**Problem statement:**
Set the following entries down again exactly, line by line.
══ Records for this exercise
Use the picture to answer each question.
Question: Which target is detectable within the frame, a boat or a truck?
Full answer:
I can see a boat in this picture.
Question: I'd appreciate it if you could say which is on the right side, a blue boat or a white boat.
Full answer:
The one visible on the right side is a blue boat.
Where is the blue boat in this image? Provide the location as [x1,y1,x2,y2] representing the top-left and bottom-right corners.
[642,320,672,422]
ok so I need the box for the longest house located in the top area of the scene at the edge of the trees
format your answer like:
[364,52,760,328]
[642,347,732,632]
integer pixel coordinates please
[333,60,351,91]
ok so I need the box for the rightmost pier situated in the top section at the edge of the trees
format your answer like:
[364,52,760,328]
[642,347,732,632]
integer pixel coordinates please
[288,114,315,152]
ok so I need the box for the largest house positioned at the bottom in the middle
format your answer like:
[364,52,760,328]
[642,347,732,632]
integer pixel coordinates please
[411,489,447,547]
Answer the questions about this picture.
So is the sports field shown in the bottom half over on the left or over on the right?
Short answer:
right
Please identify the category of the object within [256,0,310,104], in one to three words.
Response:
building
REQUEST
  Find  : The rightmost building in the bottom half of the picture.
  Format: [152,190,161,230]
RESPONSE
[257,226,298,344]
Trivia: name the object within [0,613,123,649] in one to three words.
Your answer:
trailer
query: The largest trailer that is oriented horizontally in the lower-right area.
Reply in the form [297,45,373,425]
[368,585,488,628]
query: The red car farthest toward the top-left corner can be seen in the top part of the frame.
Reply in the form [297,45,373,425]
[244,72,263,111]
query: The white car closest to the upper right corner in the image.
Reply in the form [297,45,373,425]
════
**The completed task:**
Use the picture to answer each question.
Question: Which target is detectable within the frame, a boat or a truck?
Full answer:
I can see a boat in this picture.
Question: I'd appreciate it if you could say which is on the right side, a blue boat or a white boat.
Full answer:
The one visible on the right side is a blue boat.
Where is the blue boat in this image? Provide the location as [x1,y1,x2,y2] representing the top-left and bottom-right corners.
[642,320,672,422]
ok so I need the box for the longest house located in the top area of the scene at the edge of the trees
format your answer like:
[364,52,760,328]
[642,347,732,632]
integer pixel coordinates please
[333,60,351,91]
ok so I need the box for the rightmost pier situated in the top section at the edge of the trees
format your answer like:
[364,52,760,328]
[642,347,732,632]
integer pixel coordinates please
[288,114,315,152]
ok so I need the box for the largest house positioned at the bottom in the middle
format your answer like:
[364,52,760,328]
[642,347,732,632]
integer pixel coordinates please
[411,489,447,547]
Answer the questions about this picture.
So is the sports field shown in the bottom half over on the left or over on the right?
Short answer:
right
Please identify the category of the object within [256,0,310,104], in one to three words.
Response:
building
REQUEST
  Find  : The rightmost building in the bottom half of the picture.
  Format: [152,190,161,230]
RESPONSE
[257,226,298,344]
Trivia: name the object within [0,613,123,649] in one to three words.
Your answer:
trailer
query: The largest trailer that is oriented horizontally in the lower-right area.
Reply in the form [297,45,373,425]
[368,585,488,628]
query: The red car farthest toward the top-left corner can be seen in the top part of the frame.
Reply in the form [297,45,373,425]
[244,72,263,111]
query: The white car closest to the upper right corner in the image.
Reply in the form [297,45,373,425]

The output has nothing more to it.